Mani grunted, his arm throbbing as he helped Takata to his feet. The sun grilled his face as he followed the queue along the barbed-wire corridor.

‘Asha, she explained it to me.’ Takata sounded surprised that his daughter knew such things. ‘Diamonds are older than the sun.’

Mani shook his head at the old man’s poetry. Behind him, the last of the hydraulic excavators clanked to a halt. The pit was now a graveyard of dust-covered machinery, abandoned for the day.

Mani’s face twisted in pain as a hard lump in his chest ground further into his gut. Takata’s voice dropped to a whisper.

‘The diamonds, they come from outer space.’

Mani managed a shrug, the lump a jagged fireball inside him. ‘It’s only a theory.’

He’d explained it to Asha himself the day before he left. He’d sat with her on the ground outside the shack, watching her weave brooms from the grasses she collected.
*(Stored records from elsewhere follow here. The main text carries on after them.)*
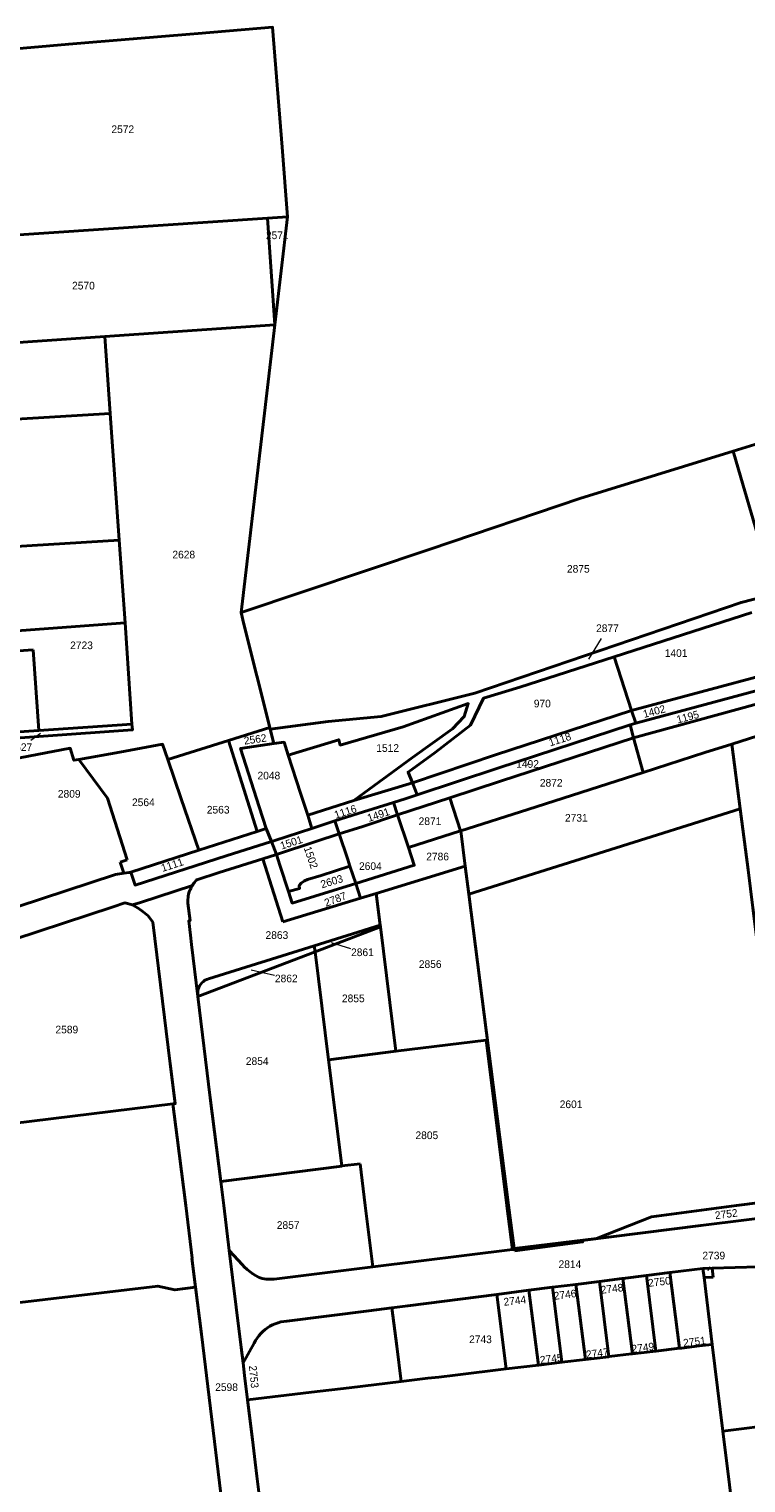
# Model space of a CAD drawing. Extents: x 99476 to 102828, y 406437 to 407931.
# Tile 35 of 48: x 101206 to 101440, y 406909 to 407385. Entities that reach past the tile are written whole.
import ezdxf
from ezdxf.enums import TextEntityAlignment as Align

# ---------------------------------------------------------------- set-up
doc = ezdxf.new("R2010")
doc.units = 0
doc.header["$MEASUREMENT"] = 0
for name, color, linetype, lineweight in [('BK_aanpijling', 10, 'Continuous', 0), ('BK_perceelnr', 10, 'Continuous', 13), ('BK_perceelnummer onder hoek', 10, 'Continuous', 13), ('BK_perceelsgrens', 10, 'Continuous', 40)]:
    doc.layers.add(name, color=color, linetype=linetype, lineweight=lineweight)
doc.styles.add('Style-WORKING', font='WORKING.shx')

msp = doc.modelspace()

# ---------------------------------------------------------------- linework, layer by layer
at = {"layer": 'BK_aanpijling', "linetype": 'Continuous', "lineweight": 0}
for p, q in [((101392.786638, 407185.333994), (101388.715, 407178.665)), ((101206.196583, 407152.186043), (101209.375, 407154.455)), ((101368.75, 407144.365), (101368.835, 407143.965)), ((101310.883425, 407083.962143), (101304.575, 407085.865)), ((101285.90763, 407075.185063), (101278.295, 407077.005)), ((101428.250031, 406979.920764), (101427.755, 406978.615))]:
    msp.add_line(p, q, dxfattribs=at)
at = {"layer": 'BK_perceelsgrens', "linetype": 'Continuous', "lineweight": 40}
for p, q in [((101168.16, 407315.01), (101283.68, 407322.81)), ((101283.68, 407322.81), (101290.21, 407323.25)), ((101283.68, 407322.81), (101286.06, 407287.91)), ((101286.06, 407287.91), (101290.21, 407323.25)), ((101230.44, 407284.12), (101286.06, 407287.91)), ((101275.02, 407193.9), (101286.06, 407287.91)), ((101170.6, 407280.01), (101230.44, 407284.12)), ((101230.44, 407284.12), (101232.217, 407258.961)), ((101172.331, 407255.397), (101232.217, 407258.961)), ((101232.217, 407258.961), (101235.144, 407217.513)), ((101437.033, 407243.236), (101436.052, 407246.592)), ((101449.676, 407199.975), (101437.033, 407243.236)), ((101175.247, 407213.924), (101235.144, 407217.513)), ((101235.144, 407217.513), (101237.055, 407190.463)), ((101397.13, 407179.4), (101442.09, 407193.9)), ((101177.203, 407186.101), (101237.055, 407190.463)), ((101237.055, 407190.463), (101239.303, 407157.422)), ((101177.643, 407179.667), (101206.996, 407181.695)), ((101206.996, 407181.695), (101208.85, 407155.3)), ((101397.13, 407179.4), (101402.8, 407161.84)), ((101402.8, 407161.84), (101448.33, 407174.08)), ((101402.8, 407161.84), (101404.144, 407157.679)), ((101179.45, 407153.252), (101208.85, 407155.3)), ((101208.85, 407155.3), (101239.303, 407157.422)), ((101270.852, 407152.077), (101284.378, 407156.338)), ((101284.378, 407156.338), (101284.528, 407155.737)), ((101284.528, 407155.737), (101285.71, 407151.01)), ((101402.276, 407157.128), (101403.42, 407152.96)), ((101251.004, 407145.823), (101270.852, 407152.077)), ((101270.852, 407152.077), (101280.306, 407122.296)), ((101403.42, 407152.96), (101406.54, 407141.59)), ((101438.298, 407129.701), (101435.573, 407150.894)), ((101311.86, 407132.45), (101331.05, 407138.16)), ((101331.05, 407138.16), (101332.583, 407134.272)), ((101296.794, 407127.622), (101311.86, 407132.45)), ((101324.905, 407131.804), (101326.23, 407127.77)), ((101326.23, 407127.77), (101343.308, 407133.339)), ((101343.308, 407133.339), (101346.824, 407122.505)), ((101296.794, 407127.622), (101298.183, 407123.298)), ((101298.183, 407123.298), (101305.716, 407125.741)), ((101305.716, 407125.741), (101307.131, 407121.484)), ((101326.23, 407127.77), (101329.749, 407117.058)), ((101349.526, 407101.858), (101438.298, 407129.701)), ((101261.176, 407116.172), (101280.306, 407122.296)), ((101280.306, 407122.296), (101283.2, 407123.222)), ((101283.2, 407123.222), (101284.914, 407118.995)), ((101329.749, 407117.058), (101346.824, 407122.505)), ((101346.824, 407122.505), (101346.886, 407122.525)), ((101346.886, 407122.525), (101348.367, 407110.931)), ((101284.914, 407118.995), (101286.62, 407114.8)), ((101235.462, 407112.31), (101237.73, 407113.01)), ((101235.462, 407112.31), (101236.641, 407108.627)), ((101238.98, 407109.01), (101261.176, 407116.172)), ((101282.134, 407113.379), (101286.62, 407114.8)), ((101282.134, 407113.379), (101288.709, 407092.708)), ((101310.617, 407110.954), (101312.512, 407105.293)), ((101319.211, 407102.027), (101348.367, 407110.931)), ((101348.367, 407110.931), (101349.526, 407101.858)), ((101312.512, 407105.293), (101314.125, 407100.474)), ((101314.125, 407100.474), (101319.211, 407102.027)), ((101319.211, 407102.027), (101320.508, 407091.652)), ((101288.709, 407092.708), (101314.125, 407100.474)), ((101349.526, 407101.858), (101362.538, 407000)), ((101258.438, 407088.383), (101258.8, 407085.38)), ((101298.972, 407084.941), (101320.508, 407091.652)), ((101299.215, 407083.002), (101320.569, 407091.168)), ((101320.508, 407091.652), (101320.569, 407091.168)), ((101320.569, 407091.168), (101325.665, 407050.436)), ((101258.8, 407085.38), (101260.887, 407068.345)), ((101260.887, 407068.345), (101299.215, 407083.002)), ((101298.972, 407084.941), (101264.342, 407074.15)), ((101299.215, 407083.002), (101298.972, 407084.941)), ((101299.215, 407083.002), (101303.632, 407047.69)), ((101260.832, 407070.104), (101260.887, 407068.345)), ((101303.632, 407047.69), (101325.665, 407050.436)), ((101325.665, 407050.436), (101355.229, 407054.121)), ((101355.229, 407054.121), (101361.98, 407000)), ((101303.632, 407047.69), (101307.978, 407012.953)), ((101252.663, 407033.24), (101252.859, 407033.264)), ((101268.332, 407007.89), (101307.989, 407012.868)), ((101313.929, 407013.69), (101307.978, 407012.953)), ((101307.978, 407012.953), (101307.989, 407012.868)), ((101315.636, 407000), (101313.929, 407013.69)), ((101268.332, 407007.89), (101269.31, 407000)), ((101437.135, 407000), (101454.672, 407002.293)), ((101269.31, 407000), (101271.128, 406985.327)), ((101318.136, 406979.945), (101315.636, 407000)), ((101361.98, 407000), (101363.77, 406985.651)), ((101362.538, 407000), (101364.328, 406985.99)), ((101275.49, 406980.594), (101271.128, 406985.327)), ((101363.77, 406985.651), (101318.136, 406979.945)), ((101363.77, 406985.651), (101364.362, 406985.724)), ((101364.362, 406985.724), (101364.328, 406985.99)), ((101364.425, 406985.227), (101364.362, 406985.724)), ((101258.91, 406982.82), (101260.122, 406973.277)), ((101276.057, 406980.021), (101275.49, 406980.594)), ((101318.136, 406979.945), (101286.733, 406976.006)), ((101426.107, 406979.48), (101415.319, 406978.119)), ((101429.121, 406979.557), (101426.107, 406979.48)), ((101426.107, 406979.48), (101426.475, 406976.488)), ((101500.865, 406981.412), (101429.121, 406979.557)), ((101429.121, 406979.557), (101429.489, 406976.566)), ((101286.733, 406976.006), (101285.83, 406975.928)), ((101384.566, 406974.24), (101376.879, 406973.271)), ((101392.255, 406975.21), (101384.566, 406974.24)), ((101384.566, 406974.24), (101387.656, 406949.678)), ((101392.305, 406975.216), (101392.255, 406975.21)), ((101392.255, 406975.21), (101395.35, 406950.596)), ((101399.696, 406976.148), (101392.305, 406975.216)), ((101399.944, 406976.179), (101399.696, 406976.148)), ((101407.63, 406977.149), (101399.944, 406976.179)), ((101399.944, 406976.179), (101403.045, 406951.514)), ((101415.319, 406978.119), (101407.63, 406977.149)), ((101407.63, 406977.149), (101410.742, 406952.432)), ((101418.436, 406953.35), (101415.319, 406978.119)), ((101429.489, 406976.566), (101426.475, 406976.488)), ((101426.475, 406976.488), (101429.166, 406954.63)), ((101260.122, 406973.277), (101262.07, 406957.93)), ((101358.694, 406970.978), (101329.615, 406967.257)), ((101369.2, 406972.303), (101358.694, 406970.978)), ((101361.762, 406946.589), (101358.694, 406970.978)), ((101376.879, 406973.271), (101369.2, 406972.303)), ((101369.2, 406972.303), (101372.274, 406947.843)), ((101376.879, 406973.271), (101379.958, 406948.76)), ((101329.615, 406967.257), (101324.339, 406966.582)), ((101324.339, 406966.582), (101325.928, 406954.031)), ((101279.246, 406955.017), (101275.654, 406948.55)), ((101424.881, 406954.119), (101429.166, 406954.63)), ((101429.166, 406954.63), (101432.665, 406926.193)), ((101325.928, 406954.031), (101327.39, 406942.488)), ((101387.656, 406949.678), (101395.35, 406950.596)), ((101395.35, 406950.596), (101395.398, 406950.602)), ((101395.398, 406950.602), (101402.795, 406951.484)), ((101402.795, 406951.484), (101403.045, 406951.514)), ((101403.045, 406951.514), (101410.742, 406952.432)), ((101410.742, 406952.432), (101418.436, 406953.35)), ((101418.436, 406953.35), (101419.061, 406953.425)), ((101419.061, 406953.425), (101424.881, 406954.119)), ((101345.093, 406944.6), (101361.762, 406946.589)), ((101361.762, 406946.589), (101372.274, 406947.843)), ((101372.274, 406947.843), (101379.958, 406948.76)), ((101379.958, 406948.76), (101387.656, 406949.678)), ((101298.022, 406938.984), (101310.352, 406940.455)), ((101310.352, 406940.455), (101327.39, 406942.488)), ((101327.39, 406942.488), (101336.138, 406943.532)), ((101336.138, 406943.532), (101339.654, 406943.951)), ((101339.654, 406943.951), (101345.093, 406944.6)), ((101277.124, 406936.491), (101298.022, 406938.984)), ((101277.124, 406936.491), (101278.7, 406923.535)), ((101432.665, 406926.193), (101521.992, 406937.615)), ((101278.7, 406923.535), (101279.599, 406916.15))]:
    msp.add_line(p, q, dxfattribs=at)
at = {"layer": 'BK_perceelsgrens', "linetype": 'Continuous', "lineweight": 40, "flags": 128}
for points in [[(101197.49, 407377.86), (101218.61, 407379.7), (101239.75, 407381.42), (101258.207, 407382.984)], [(101258.207, 407382.984), (101260.99, 407383.22), (101285.29, 407385.23), (101288.41, 407346.04), (101290.21, 407323.25)], [(101436.052, 407246.592), (101475.69, 407258.81), (101492.4, 407263.94), (101489.9, 407260.12), (101498.47, 407262.6), (101533.03, 407272.57), (101552.141, 407278.108)], [(101275.02, 407193.9), (101336.89, 407214.64), (101385.86, 407231.12), (101436.052, 407246.592)], [(101284.528, 407155.737), (101303.525, 407158.245), (101320.848, 407159.882), (101351.513, 407167.508), (101438.617, 407197.161), (101449.676, 407199.975)], [(101275.02, 407193.9), (101275.95, 407190.03), (101284.378, 407156.338)], [(101397.13, 407179.4), (101366.19, 407169.5), (101354.28, 407165.85), (101350.03, 407157.07), (101338.46, 407148.11), (101329.65, 407141.71), (101331.05, 407138.16)], [(101403.42, 407152.96), (101450.71, 407165.84), (101480.36, 407173.95)], [(101404.144, 407157.679), (101449.519, 407169.96), (101449.619, 407169.986)], [(101290.46, 407147.21), (101306.97, 407152.27), (101307.44, 407150.55), (101328.03, 407156.56), (101349.31, 407164.09), (101348.05, 407159.85), (101344.14, 407155.86), (101331.1, 407146.43), (101311.86, 407132.45)], [(101331.05, 407138.16), (101358.25, 407147.37), (101402.8, 407161.84)], [(101435.573, 407150.894), (101452.64, 407156.32), (101482.69, 407163.47)], [(101239.303, 407157.422), (101239.433, 407155.505), (101179.583, 407151.314)], [(101332.583, 407134.272), (101359.045, 407143.049), (101402.276, 407157.128)], [(101402.276, 407157.128), (101403.11, 407157.399), (101404.144, 407157.679)], [(101194.585, 407144.888), (101219.09, 407149.52), (101220.33, 407145.57), (101221.882, 407145.845)], [(101221.882, 407145.845), (101235.3, 407148.22), (101249.3, 407150.82), (101251.004, 407145.823)], [(101285.71, 407151.01), (101274.83, 407149.46), (101280.88, 407130.4), (101283.2, 407123.222)], [(101285.71, 407151.01), (101289.07, 407151.48), (101290.46, 407147.21)], [(101343.308, 407133.339), (101359.84, 407138.73), (101403.42, 407152.96)], [(101406.54, 407141.59), (101426.69, 407148.07), (101435.573, 407150.894)], [(101221.882, 407145.845), (101231.342, 407133.182), (101237.73, 407113.01)], [(101251.004, 407145.823), (101255.38, 407132.99), (101261.176, 407116.172)], [(101290.46, 407147.21), (101294.481, 407134.82), (101296.794, 407127.622)], [(101346.886, 407122.525), (101368.81, 407129.52), (101406.54, 407141.59)], [(101305.716, 407125.741), (101313.329, 407128.21), (101324.905, 407131.804)], [(101324.905, 407131.804), (101328.639, 407132.964), (101332.583, 407134.272)], [(101307.131, 407121.484), (101314.8, 407123.97), (101326.23, 407127.77)], [(101438.298, 407129.701), (101440.867, 407109.713), (101442.46, 407097.316), (101443.902, 407086.096)], [(101284.914, 407118.995), (101286.066, 407119.369), (101298.183, 407123.298)], [(101286.62, 407114.8), (101299.5, 407119.01), (101307.131, 407121.484)], [(101307.131, 407121.484), (101309.895, 407113.167), (101310.617, 407110.954)], [(101238.98, 407109.01), (101240.333, 407104.792), (101270.086, 407114.286), (101284.914, 407118.995)], [(101312.512, 407105.293), (101331.65, 407111.27), (101329.749, 407117.058)], [(101259.06, 407104.683), (101259.19, 407104.891), (101259.471, 407105.307), (101259.737, 407105.665), (101260.096, 407106.082), (101260.362, 407106.37), (101260.489, 407106.491), (101267.797, 407108.836), (101282.134, 407113.379)], [(101286.62, 407114.8), (101287.73, 407111.32), (101290.505, 407102.677)], [(101201.766, 407097.711), (101233.872, 407108.228), (101236.641, 407108.627)], [(101236.641, 407108.627), (101238.406, 407108.882), (101238.98, 407109.01)], [(101290.505, 407102.677), (101294.126, 407103.683), (101294.042, 407104.625), (101294.628, 407105.392), (101295.736, 407106.213), (101296.719, 407106.63), (101301.169, 407107.94), (101310.617, 407110.954)], [(101239.488, 407098.263), (101242.147, 407099.134), (101259.06, 407104.683)], [(101258.438, 407088.383), (101257.876, 407093.048), (101258.322, 407093.104), (101257.559, 407098.849), (101257.539, 407099.436), (101257.557, 407099.923), (101257.66, 407100.796), (101257.729, 407101.25), (101257.82, 407101.709), (101257.95, 407102.197), (101258.045, 407102.513), (101258.167, 407102.861), (101258.326, 407103.261), (101258.512, 407103.669), (101258.824, 407104.298), (101259.06, 407104.683)], [(101290.505, 407102.677), (101291.73, 407098.87), (101312.512, 407105.293)], [(101180.972, 407080.475), (101192.55, 407084.32), (101233.13, 407097.67), (101236.93, 407098.93), (101239.488, 407098.263)], [(101239.488, 407098.263), (101239.627, 407098.181), (101241.339, 407097.178)], [(101241.339, 407097.178), (101242.994, 407096.026), (101244.619, 407094.72), (101246.113, 407092.691), (101251.85, 407046.285), (101253.467, 407033.338), (101252.859, 407033.264)], [(101260.832, 407070.104), (101260.963, 407070.718), (101261.17, 407071.311), (101261.45, 407071.873), (101261.798, 407072.396), (101262.21, 407072.87), (101262.678, 407073.289), (101263.195, 407073.645), (101263.752, 407073.934), (101264.342, 407074.15)], [(101260.887, 407068.345), (101264.938, 407035.27), (101268.332, 407007.89)], [(101193.026, 407026.474), (101193.086, 407025.978), (101252.663, 407033.24)], [(101252.663, 407033.24), (101254.04, 407022.27), (101254.139, 407022.282), (101256.89, 407000)], [(101256.89, 407000), (101259.01, 406982.832), (101258.91, 406982.82)], [(101364.328, 406985.99), (101391.285, 406989.214), (101409.341, 406996.366), (101437.135, 407000)], [(101455.329, 406997.225), (101425.469, 406993.466), (101386.636, 406988.577), (101386.728, 406988.091), (101364.425, 406985.227)], [(101271.128, 406985.327), (101273.431, 406966.75), (101275.036, 406953.615), (101275.654, 406948.55)], [(101277.969, 406978.315), (101276.994, 406979.147), (101276.057, 406980.021)], [(101200.757, 406968.083), (101247.756, 406973.655), (101253.347, 406972.417), (101260.122, 406973.277)], [(101280.679, 406976.563), (101279.737, 406977.085), (101278.832, 406977.67), (101277.969, 406978.315)], [(101283.846, 406975.889), (101283.194, 406975.915), (101282.547, 406975.996), (101281.909, 406976.132), (101281.285, 406976.321), (101280.679, 406976.563)], [(101285.83, 406975.928), (101284.838, 406975.885), (101283.846, 406975.889)], [(101289.954, 406962.224), (101316.824, 406965.629), (101324.339, 406966.582)], [(101289.954, 406962.224), (101288.995, 406962.118), (101288.047, 406961.941), (101287.115, 406961.694), (101286.203, 406961.379), (101285.317, 406960.997), (101284.462, 406960.551), (101283.643, 406960.043), (101282.863, 406959.475), (101282.128, 406958.851), (101281.441, 406958.174), (101280.806, 406957.448), (101280.226, 406956.677), (101279.705, 406955.865), (101279.246, 406955.017)], [(101262.07, 406957.93), (101271.36, 406881.47), (101271.202, 406881.451), (101271.76, 406876.876)], [(101275.654, 406948.55), (101276.151, 406944.484), (101277.124, 406936.491)], [(101432.665, 406926.193), (101436.979, 406891.141), (101437.406, 406885.778)], [(101279.599, 406916.15), (101280.166, 406911.487), (101285.451, 406868.766), (101286.617, 406859.441), (101287.226, 406853.371), (101287.546, 406847.266)]]:
    msp.add_lwpolyline(points, dxfattribs=at)

# ---------------------------------------------------------------- texts
at = {"layer": 'BK_perceelnr', "linetype": 'Continuous', "lineweight": 13, "style": 'Style-WORKING'}
for s, p in [('2572', (101236.295695, 407351.88)), ('2571', (101286.844695, 407317.201)), ('2570', (101223.429777, 407300.75)), ('2628', (101256.249695, 407212.822)), ('2875', (101385.350695, 407208.162)), ('2877', (101394.880613, 407188.748)), ('2723', (101222.800695, 407183.156)), ('1401', (101417.343542, 407180.61)), ('970', (101373.560471, 407164.119)), ('2627', (101202.950613, 407149.862)), ('1512', (101322.961695, 407149.578)), ('1492', (101368.74939, 407144.365)), ('2048', (101284.095695, 407140.57)), ('2809', (101218.772847, 407134.609)), ('2872', (101376.485695, 407138.216)), ('2564', (101243.034695, 407131.845)), ('2563', (101267.512695, 407129.418)), ('2871', (101336.815695, 407125.659)), ('2731', (101384.696695, 407126.769)), ('2604', (101317.310542, 407110.979)), ('2786', (101339.312695, 407114.102)), ('2863', (101286.723695, 407088.435)), ('2861', (101314.712695, 407082.807)), ('2856', (101336.883, 407078.945)), ('2862', (101289.797695, 407074.255)), ('2855', (101311.727, 407067.734)), ('2589', (101217.987, 407057.549)), ('2854', (101280.281, 407047.227)), ('2601', (101382.975542, 407033.113)), ('2805', (101335.788847, 407022.981)), ('2857', (101290.407918, 406993.633)), ('2739', (101429.667695, 406983.661)), ('2814', (101382.600847, 406980.834)), ('2743', (101353.331542, 406956.273)), ('2598', (101270.255695, 406940.634))]:
    msp.add_text(s, height=2.5, dxfattribs=at).set_placement(p, align=Align.MIDDLE_CENTER)
at = {"layer": 'BK_perceelnummer onder hoek', "linetype": 'Continuous', "lineweight": 13, "style": 'Style-WORKING'}
for s, rotation, p in [('1402', 14.801998, (101410.174557, 407161.564883)), ('1195', 14.801998, (101421.14441, 407159.754844)), ('1118', 17.887554, (101379.304564, 407152.414859)), ('2562', 8.121925, (101279.618698, 407152.439957)), ('1116', 17.887554, (101309.124564, 407128.764859)), ('1491', 18.434949, (101319.934421, 407127.764807)), ('1501', 17.887554, (101291.42471, 407118.684906)), ('1502', 289.03308, (101297.8639, 407113.805288)), ('1111', 17.887554, (101252.474564, 407111.394859)), ('2603', 16.70476, (101304.666562, 407105.963868)), ('2787', 20.664227, (101305.850995, 407100.143392)), ('2752', 7.146406, (101433.740697, 406997.215962)), ('2748', 6.66962, (101396.367545, 406972.833947)), ('2750', 6.66962, (101411.877846, 406975.092813)), ('2744', 7.175125, (101364.574546, 406968.915943)), ('2746', 7.18905, (101380.998546, 406970.874943)), ('2749', 7.103581, (101406.462546, 406953.546943)), ('2751', 7.132132, (101423.338697, 406955.505962)), ('2745', 6.847333, (101376.478546, 406949.930945)), ('2747', 7.010325, (101391.55539, 406951.740155)), ('2753', 275.631479, (101279.17097, 406944.024304))]:
    msp.add_text(s, height=2.5, rotation=rotation, dxfattribs=at).set_placement(p, align=Align.MIDDLE_CENTER)

doc.saveas('drawing.dxf')

As always, there was a contented stillness about her. He’d wanted to grab her by the shoulders and shake her. Instead, he’d snatched up a stick and drawn a circle in the dirt.

‘Do you know where diamonds come from?’ he’d said.

She smiled. ‘From the ground.’

A pack of shrieking children swooped in front of them, their faces gritty with dust. Asha laughed and waved them away. Mani jabbed at the centre of his circle.

‘They come from grains of carbon deep inside the Earth,’ he said. ‘In the mantle. A hundred miles below the surface.’

He avoided her gaze. He was showing off, and he knew it. Educated student returns to his home village. But he couldn’t help it. Keeping his eyes low, he scored a line from the centre of his circle to the edge.

‘Volcanoes carried the diamonds upwards, punching lava through the crust.’ He pointed, teacher-like, at the line he’d drawn. ‘These volcanic pipes, they hardened into kimberlite.’

He glanced at Asha’s face. She was watching him with her serene, almond-shaped eyes.

‘I know,’ she said.

He tightened his grip on the stick. How could she know? How could she know anything, living in this shantytown of metal huts, with its goat-kraals and chicken coops and rusty hubcaps salvaged from wrecked cars? He glared at her. He could tell her things, things she couldn’t learn in this godforsaken place. He stabbed at the centre of his circle.

‘Yes, but where did the grains of carbon come from?’ he said. ‘How did they find their way into the Earth’s mantle?’

Her shoulders lifted in a gentle shrug. ‘They grew there.’

He shook his head, smiling. She didn’t know. ‘That’s what we used to think. That they came from plants or animals. A bit of plankton, maybe, or an insect, dragged around by the continental plates.’ He sneaked a glance at her. ‘But now we scientists know better.’

Her eyes were on the swatch of grasses in her hand. She made no comment on his claims to be a scientist. He turned away, his cheeks burning in the sun.

‘Go on,’ Asha said.

He shook his head, tossing the stick aside. ‘I’m talking too much.’